WeaveBench: A Long-Horizon, Real-World Benchmark for Computer-Use Agents with Hybrid Interfaces
Wanli Li, Bowen Zhou, Yunyao Yu, Zhou Xu, Yifan Yang, Dongsheng Li, Caihua Shan
WeaveBench evaluates computer-use agents on long-horizon tasks requiring interleaved GUI and CLI/code orchestration.
How can we evaluate computer-use agents on long-horizon, real-world tasks that require interleaving GUI and CLI operations?

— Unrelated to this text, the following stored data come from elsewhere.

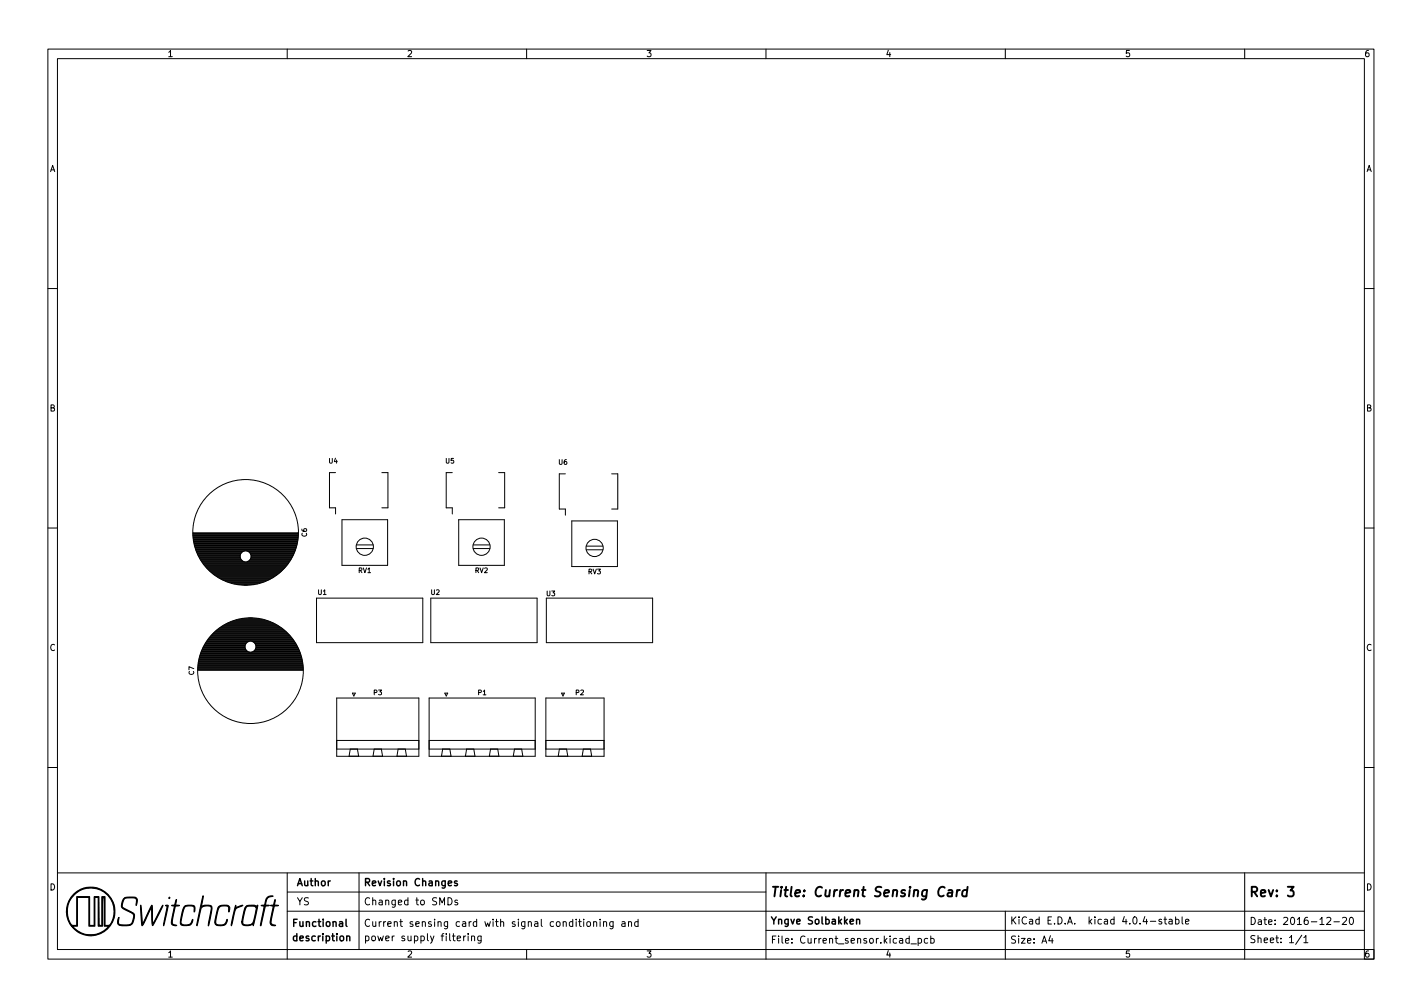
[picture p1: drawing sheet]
<svg xmlns="http://www.w3.org/2000/svg" width="297mm" height="210mm" viewBox="0 0 297 210" stroke-linecap="round" stroke-linejoin="round" font-family="sans-serif">
<defs><g id="words">
<g font-size="2.8">
<text x="161" y="187.3">Title: Current Sensing Card</text>
<text x="261" y="187.3">Rev: 3</text>
</g>
<g font-size="2.1">
<text x="62" y="185">Author</text>
<text x="76" y="185">Revision Changes</text>
<text x="62" y="189">YS</text>
<text x="76" y="189">Changed to SMDs</text>
<text x="61" y="196.5">description</text>
<text x="61" y="193.5">Functional</text>
<text x="76" y="193.5">Current sensing card with signal conditioning and</text>
<text x="76" y="196.5">power supply filtering</text>
<text x="161" y="197">File: Current_sensor.kicad_pcb</text>
<text x="161" y="193">Yngve Solbakken</text>
<text x="211" y="193">KiCad E.D.A. kicad 4.0.4-stable</text>
<text x="211" y="197">Size: A4</text>
<text x="261" y="193.1">Date: 2016-12-20</text>
<text x="261" y="196.9">Sheet: 1/1</text>
</g>
<g font-size="1.8">
<text x="35" y="11.9">1</text>
<text x="85" y="11.9">2</text>
<text x="135" y="11.9">3</text>
<text x="185" y="11.9">4</text>
<text x="235" y="11.9">5</text>
<text x="285" y="11.9">6</text>
<text x="10.3" y="35.9">A</text>
<text x="285.3" y="35.9">A</text>
<text x="10.3" y="85.9">B</text>
<text x="285.3" y="85.9">B</text>
<text x="10.3" y="135.9">C</text>
<text x="285.3" y="135.9">C</text>
<text x="10.3" y="185.9">D</text>
<text x="285.3" y="185.9">D</text>
<text x="35" y="199.9">1</text>
<text x="85" y="199.9">2</text>
<text x="135" y="199.9">3</text>
<text x="185" y="199.9">4</text>
<text x="235" y="199.9">5</text>
<text x="285" y="199.9">6</text>
</g>
<g font-size="1.4">
<text x="68.7" y="96.8">U4</text>
<text x="93.1" y="96.8">U5</text>
<text x="116.7" y="97">U6</text>
<text x="64.1" y="112.1" transform="rotate(-90 64.1 112.1)">C6</text>
<text x="74.8" y="119.6">RV1</text>
<text x="99.2" y="119.6">RV2</text>
<text x="122.9" y="119.9">RV3</text>
<text x="66.4" y="124.2">U1</text>
<text x="90" y="124.2">U2</text>
<text x="114.2" y="124.4">U3</text>
<text x="40.5" y="140.9" transform="rotate(-90 40.5 140.9)">C7</text>
<text x="78.1" y="145.1">P3</text>
<text x="99.9" y="145.1">P1</text>
<text x="120.3" y="145.1">P2</text>
</g>
</g></defs>
<g fill="none" stroke="#000" stroke-width=".21">
<path d="M10 10.2h277v190.1h-277zM12 12.2h273v186.1h-273zM60 10.2v2M110 10.2v2M160 10.2v2M210 10.2v2M260 10.2v2M10 60.2h2M285 60.2h2M70.1 98.7h-1.3v7.3h1.3v1.3M79.8 98.7h1.2v7.3h-1.2M94.5 98.7h-1.3v7.3h1.3v1.3"/>
<path d="M104.1 98.7h1.3v7.3h-1.3M118.1 98.9h-1.3v7.4h1.3v1.3M127.8 98.9h1.2v7.4h-1.2M10 110.2h2M40.3 111.2h22M40.3 111.4h22M40.3 111.5h22M40.3 111.7h22M40.3 111.8h22M40.3 111.9h22M40.3 112.1h22M40.4 112.2h21.9"/>
<path d="M40.4 112.4h21.8M40.4 112.5h21.8M40.4 112.6h21.8M40.4 112.8h21.8M40.4 112.9h21.8M40.5 113.1h21.6M40.5 113.2h21.6M40.5 113.3h21.6M40.6 113.5h21.5M40.6 113.6h21.4M40.6 113.8h21.4M40.7 113.9h21.3"/>
<path d="M40.7 114h21.2M40.7 114.2h21.2M40.8 114.3h21M40.8 114.5h21M40.9 114.6h20.9M40.9 114.7h20.8M41 114.9h20.7M41 115h10.2M41.1 115.2h9.6M41.1 115.3h9.5M41.2 115.4h9.2M41.2 115.6h9.1"/>
<path d="M41.3 115.7h8.9M41.4 115.9h8.8M41.4 116h8.8M41.5 116.1h8.7M41.6 116.3h8.6M41.6 116.4h8.6M41.7 116.6h8.5M41.8 116.7h8.5M41.9 116.8h8.5M42 117h8.5M42.1 117.1h8.6M42.2 117.3h8.8"/>
<path d="M42.2 117.4h18.2M42.3 117.5h18M42.4 117.7h17.8M42.6 117.8h17.5M42.7 118h17.3M42.8 118.1h17M42.9 118.2h16.8M43 118.4h16.6M43.1 118.5h16.4M43.3 118.7h16.1M43.4 118.8h15.8M43.5 118.9h15.6"/>
<path d="M43.7 119.1h15.2M43.8 119.2h15M44 119.4h14.6M44.1 119.5h14.4M44.3 119.6h14M44.5 119.8h13.6M44.6 119.9h13.4M51.4 115h10.2M51.7 117.3h8.8M51.9 115.2h9.7M51.9 117.1h8.7M52.1 115.3h9.4"/>
<path d="M52.1 117h8.5M52.2 115.4h9.2M52.2 116.8h8.5M52.3 115.6h9.1M52.3 116.7h8.5M52.4 115.7h8.9M52.4 116.6h8.5M52.4 115.9h8.9M52.4 116.4h8.6M52.4 116h8.8M52.5 116.3h8.5M52.5 116.1h8.6"/>
<path d="M71.4 108.5h9.6v9.5h-9.6zM74.5 114.5h3.4M74.5 113.8h3.4M95.8 108.5h9.5v9.5h-9.5zM98.9 114.5h3.4M98.9 113.8h3.4M119.4 108.8h9.6v9.5h-9.6zM122.5 114h3.4M122.5 114.8h3.4M285 110.2h2M41.3 140h22M41.3 139.8h22"/>
<path d="M41.3 139.7h22M41.3 139.5h22M41.3 139.4h22M41.4 139.3h21.9M41.4 139.1h21.9M41.4 139h21.9M41.4 138.8h21.9M41.4 138.7h21.8M41.4 138.6h21.8M41.4 138.4h21.8M41.5 138.3h21.7M41.5 138.1h21.7"/>
<path d="M41.5 138h21.6M41.5 137.9h21.6M41.6 137.7h21.5M41.6 137.6h21.4M41.6 137.4h21.4M41.7 137.3h21.3M41.7 137.2h21.2M41.7 137h21.2M41.8 136.9h21.1M41.8 136.7h21M41.9 136.6h20.9M41.9 136.5h20.8"/>
<path d="M42 136.3h20.7M42 136.2h10.2M42.1 136h9.7M42.1 135.9h9.5M42.2 135.8h9.2M42.2 135.6h9.1M42.3 135.5h9M42.4 135.3h8.8M42.4 135.2h8.8M42.5 135.1h8.7M42.6 134.9h8.6M42.7 134.8h8.5"/>
<path d="M42.7 134.6h8.5M42.8 134.5h8.5M42.9 134.4h8.5M43 134.2h8.5M43.1 134.1h8.6M43.2 133.9h8.8M43.3 133.8h18.1M43.4 133.7h17.9M43.5 133.5h17.7M43.6 133.4h17.5M43.7 133.2h17.3M43.8 133.1h17.1"/>
<path d="M43.9 133h16.8M44 132.8h16.6M44.1 132.7h16.4M44.3 132.5h16.1M44.4 132.4h15.8M44.5 132.3h15.6M44.7 132.1h15.3M44.8 132h15M44.8 120.1h13M45 131.8h14.7M45 120.2h12.6M45.1 131.7h14.4"/>
<path d="M45.2 120.3h12.2M45.3 131.6h14M45.5 120.5h11.7M45.5 131.4h13.7M45.7 131.3h13.3M45.7 120.6h11.2M45.9 131.1h12.9M45.9 120.8h10.8M46 131h12.6M46.2 120.9h10.2M46.3 130.9h12.1M46.5 121h9.7"/>
<path d="M46.5 130.7h11.7M46.7 130.6h11.2M46.8 121.2h9.1M46.9 130.4h10.8M47.1 121.3h8.4M47.2 130.3h10.2M47.4 121.5h7.8M47.5 130.2h9.7M47.8 130h9.1M47.8 121.6h7M48.1 129.9h8.5M48.3 121.7h6"/>
<path d="M48.4 129.7h7.8M48.8 121.9h5M48.8 129.6h7M49.3 129.5h6.1M49.5 122h3.6M49.8 129.3h5M50.5 129.2h3.6M51 122.2h.6M52 129h.7M52.4 136.2h10.2M52.7 133.9h8.8M52.9 136h9.7"/>
<path d="M53 134.1h8.6M53.1 135.9h9.4M53.1 134.2h8.6M53.2 135.8h9.3M53.3 134.4h8.4M53.3 135.6h9.1M53.3 134.5h8.5M53.4 135.5h8.9M53.4 134.6h8.5M53.4 135.3h8.9M53.4 134.8h8.6M53.5 135.2h8.7"/>
<path d="M53.5 134.9h8.6M53.5 135.1h8.6M66.1 124.9h22.2v9.3h-22.2zM90 124.9h22.2v9.3h-22.2zM114.1 124.9h22.2v9.3h-22.2zM70.3 145.7h17.2v12.2h-17.2zM70.3 154.6h17.2M70.3 156.4h17.2M73.2 156.4l-.3 1.5M73.6 144.7h.6l-.3 .6zM74.7 156.4l.2 1.5M78.2 156.4l-.3 1.5"/>
<path d="M79.7 156.4l.2 1.5M83.2 156.4l-.3 1.5M84.7 156.4l.2 1.5M89.6 145.7h22.2v12.2h-22.2zM89.6 154.6h22.2M89.6 156.4h22.2M92.5 156.4l-.3 1.5M92.9 144.7h.6l-.3 .6zM94 156.4l.2 1.5M97.5 156.4l-.3 1.5M99 156.4l.2 1.5M102.5 156.4l-.3 1.5"/>
<path d="M104 156.4l.2 1.5M107.5 156.4l-.3 1.5M109 156.4l.2 1.5M114 145.7h12.2v12.2h-12.2zM114 154.6h12.2M114 156.4h12.2M116.9 156.4l-.3 1.5M117.3 144.7h.6l-.3 .6zM118.4 156.4l.2 1.5M121.9 156.4l-.3 1.5M123.4 156.4l.2 1.5M10 160.2h2"/>
<path d="M285 160.2h2M12 182.3h273M60 182.3v18M60 190.3h225M60 186.3h100M75 182.3v16M93.6 187.4a.76 .76 0 0 1 .8 .8 .76 .76 0 0 1-.8 .7zM95.6 188l-.4-.1-.2 .2 .1 .3 .5 .1v.4h-.6M96.9 195.4v1M97.3 195.4l-.4 .3M97.8 194.9v.2M97.8 195.4v1"/>
<path d="M98.5 195.6l.2-.2 .4 .1v.9M98.5 195.4v1M100.5 195.4v1.2l-.3 .3h-.3M100.5 195.5l-.4-.1-.3 .3 .1 .7h.6M110 198.3v2M122.7 192.5l.4-.1 .3 .3v.4l-.3 .3h-.4l-.1-.3zM124 192.6l.2-.2 .4 .1v.9M124 192.4v1M125.4 191.9v.2M125.4 192.4v1M126.1 192.6l.2-.2 .3 .1 .1 .9M126.1 192.4v1"/>
<path d="M128.1 192.4v1.2l-.3 .3h-.4M128.1 192.5l-.5-.1-.2 .3 .1 .7h.6M129.9 192.5h.6l.1 .9M130.6 192.8l-.5 .1-.2 .2 .2 .3h.5M131.3 192.6l.2-.2 .4 .1v.9M131.3 192.4v1M133.3 192.5l-.4-.1-.3 .3 .1 .7h.6M133.3 191.9v1.5M160 182.3v18M160 194.3h125M190.3 197.1h1.1M191.8 196l.4-.1 .3 .3-.1 .7h-.6"/>
<path d="M191.8 195.9v1.5M193.8 196l-.4-.1-.3 .3 .1 .7h.6M194.4 196l.5-.1 .2 .3-.1 .7h-.6M194.4 195.4v1.5M210 190.3v10M219.4 195.4l-.3 1h.9M219.8 195.9v1M242.6 192l-.3-.1-.2 .2v.3l.5 .1v.4h-.5M243.1 191.9h.6M243.4 191.4v1.3l.3 .2M244.2 192h.6l.1 .9M244.9 192.3l-.5 .1-.3 .2 .3 .3h.5"/>
<path d="M245.6 192l.4-.1 .3 .3-.2 .7h-.5M245.6 191.4v1.5M246.9 191.4v1.3l.2 .2M247.6 192.4l.8-.1-.1-.3-.4-.1-.3 .2 .1 .8h.6M260 182.3v18M271.9 195.3l-1.3 1.9M272.4 195.8l.4-.5v1.5M272.4 196.8h.8M277.1 191.7l.6-.2 .3 .5-.9 1h.9M278.6 192.5h1.2M280.4 191.7l.6-.2 .3 .5-.9 1h.9M282.1 191.6l.1-.1a.8 .8 0 0 1 .5 .8 .8 .8 0 0 1-.5 .7 .99 .99 0 0 1-.1-1.4z"/>
<path d="M285 198.3h2v2h-2z"/>
<circle cx="51.3" cy="111.2" r="11"/>
<circle cx="51.3" cy="116.2" r="1.15"/>
<circle cx="76.2" cy="114.2" r="1.8"/>
<circle cx="100.6" cy="114.2" r="1.8"/>
<circle cx="124.2" cy="114.4" r="1.8"/>
<circle cx="52.3" cy="135" r="1.15"/>
<circle cx="52.3" cy="140" r="11"/>
</g>
<path d="M72.3 191.9v1.3l.2 .2M72.4 195.6l.2-.2 .4 .1 .1 .9M95.5 184l-.4-.1-.2 .2 .1 .3 .5 .1v.4h-.6M178.9 192.1l.2-.2 .4 .1 .1 .9M178.9 191.9v1" fill="none" stroke="#000" stroke-width=".3"/>
<path d="M198.1 185.9h.8l-.1 1.3M198.9 186.3l-.6 .1a.4 .4 0 0 0-.4 .3 .4 .4 0 0 0 .3 .5l.6-.1M199.9 185.8l-.1 1.4M200.5 185.8l-.4 .1-.2 .3M202 185.9a.66 .66 0 0 0-1 .3v.6l.1 .3h.8M202.1 185.2l-.2 2M269 185.2h1.2l-.6 .7a.54 .54 0 0 1 .6 .4v.5l-.2 .3-.7 .1-.3-.2" fill="none" stroke="#000" stroke-width=".4"/>
<g fill="#000" stroke="#000" stroke-width=".21">
<path d="M15.4 186.6a5.1 5.1 0 0 1 7.3 .3 5.1 5.1 0 0 1-.5 7.3 5.1 5.1 0 0 1-7.3-.8h.2a5 5 0 0 0 7.6 0h-.9v-5.3l-.2-.7-.2 .6v5.4h-.9v-6h-.7v6h-1.2v-6h-2.4v6h-1.3a4.8 4.8 0 0 1-1-3.1h.2a3.4 3.4 0 0 0 1 2.9h.9v-6h2.7v6h1v-6h1v6h.6v-6h.6v6h.5a.82 .82 0 0 0 .9-.7 4.9 4.9 0 0 0-3.2-7 4.9 4.9 0 0 0-6 4.8h-.2a5.1 5.1 0 0 1 1.5-3.7zM25.8 187.7a3 3 0 0 1 2.4-.4 .83 .83 0 0 1 .4 1.3l-.2 .5v-.4a.89 .89 0 0 0-.1-1.1l-.3-.1a2.45 2.45 0 0 0-2 .2l-.4 .9-.1 .7 1.6 .9a1.2 1.2 0 0 1 .9 1.9 1.36 1.36 0 0 1-1.8 1.2h-.4a.97 .97 0 0 1-1.1-.3 .97 .97 0 0 1 0-1.2l.2-.2-.1 1.2a3 3 0 0 0 2.7 0 2.94 2.94 0 0 0 .3-1.9l-2-1.1a1.42 1.42 0 0 1 0-2.1zM29.3 189l.5 3.9 1.9-3.9 .3 3.7 2-3.7-2.1 4.3-.2-.7-.1-3.1-1.6 3.4-.3 .4-.1-.1zM34.6 189.1l.5-.1a4 4 0 0 1-.4 2.3l-.5 2 .7-4zM35.3 187.3l.2 .1-.1 .2zM36.8 187.9h.1l-.2 1 .8 .2-.9 .1-.6 3.1a.8 .8 0 0 0 .9 .9 .78 .78 0 0 1-.8-.1 .78 .78 0 0 1-.3-.8l.6-3.1-.6-.1 .7-.1zM38.6 189.2a2.89 2.89 0 0 1 2 0l.1 .5-.1 .7-.1-1a1.34 1.34 0 0 0-2.2 .7l-.5 2.6a1.41 1.41 0 0 0 2.4-.7 1.1 1.1 0 0 1-1.3 1.3l-.9-.1-.3-.2a7.6 7.6 0 0 1 .9-3.8zM42.4 187.1l.1 .2-.4 1.9a1.92 1.92 0 0 1 2.2 .2l-.2 1.6-.6 2.3 .6-3.9a1.39 1.39 0 0 0-2.3 1l-.6 2.9v-.9zM45.7 189.3a1.69 1.69 0 0 1 2.3 .2l-.2 .9-.1-1a1.92 1.92 0 0 0-1.9 .1l-.1 .2a6.9 6.9 0 0 0-.5 3.2 1.42 1.42 0 0 0 2.2-1 1.2 1.2 0 0 1-1.6 1.4 .86 .86 0 0 1-.9-.4 .86 .86 0 0 1 0-.9l.5-2.2zM49.2 189l.1 .5 1.4-.5-.2 .2a1.66 1.66 0 0 0-1.6 1.8l-.6 2.3 .1-1zM51.4 189.2l.5-.2a1.89 1.89 0 0 1 1.7 .3l.2-.3-.9 4.3-.1-.4a1.85 1.85 0 0 1-2.2 0l-.1-.4h.2l.1 .4a1.43 1.43 0 0 0 1.5 .2 1.43 1.43 0 0 0 .8-1.3l.4-2.2-.1-.2a1.59 1.59 0 0 0-2 .2l-.7 2.9h-.2l.3-1.5a2.72 2.72 0 0 1 .6-1.8zM55.9 187.3l.3-.2h.9a1.49 1.49 0 0 0-1.6 1.6v.3h.8l-.1 .1a.64 .64 0 0 0-.7 .1 .64 .64 0 0 0-.2 .7l-.8 3.4 .7-4-.7-.2 .8-.1 .2-1.2z"/>
<path d="M57.4 187.8l-.1 1.1 .9 .2-.9 .1-.6 2.8a.78 .78 0 0 0 0 .9 .78 .78 0 0 0 .8 .3h.1a.8 .8 0 0 1-1-.1 .8 .8 0 0 1-.1-.9l.6-3-.6-.1 .6-.1z"/>
</g>
<use href="#words"/>
</svg>

Existing benchmarks evaluate GUI and CLI capabilities in isolation, failing to capture real-world workflows where agents must coordinate visual desktop feedback with programmatic file and system operations. WeaveBench introduces 114 long-horizon tasks that force cross-interface orchestration, evaluated via a trajectory-aware judge that audits process logs and artifacts to prevent shortcut behaviors like hard-coded metrics or fabricated visual evidence. Even the best model-runtime pairings reach only 41.2% PassRate, demonstrating that current agents struggle to maintain workflow discipline across hybrid interfaces.
Paper Primer
The benchmark forces agents to move information between two distinct channels: the GUI, which exposes transient visual state like spatial layouts and dialogs, and the CLI/code interface, which exposes persistent, scriptable state like logs and configuration files. A task is only admitted if it requires both channels to succeed, preventing agents from solving the problem through a single-channel shortcut.
The core mechanism is a trajectory-aware judge that treats evaluation as an evidence audit rather than a final-state check. It re-fetches screenshots, logs, and file states over multiple turns to verify that the agent followed the required process, automatically zeroing out rollouts that trigger known shortcut patterns like synthesized renders or CLI-bypass of GUI requirements.
Current frontier agents fail to saturate the benchmark, with performance dropping significantly when audited for process integrity.
The best model-runtime pairing (Claude Opus 4.7 + Claude Code) achieves a 41.2% PassRate, while trajectory-aware judging reduces the reported performance of GPT-5.5 from 53.5% (outcome-only) to 33.3% (audited). A ~20 percentage point inflation in performance is revealed when moving from outcome-only to trajectory-aware grading.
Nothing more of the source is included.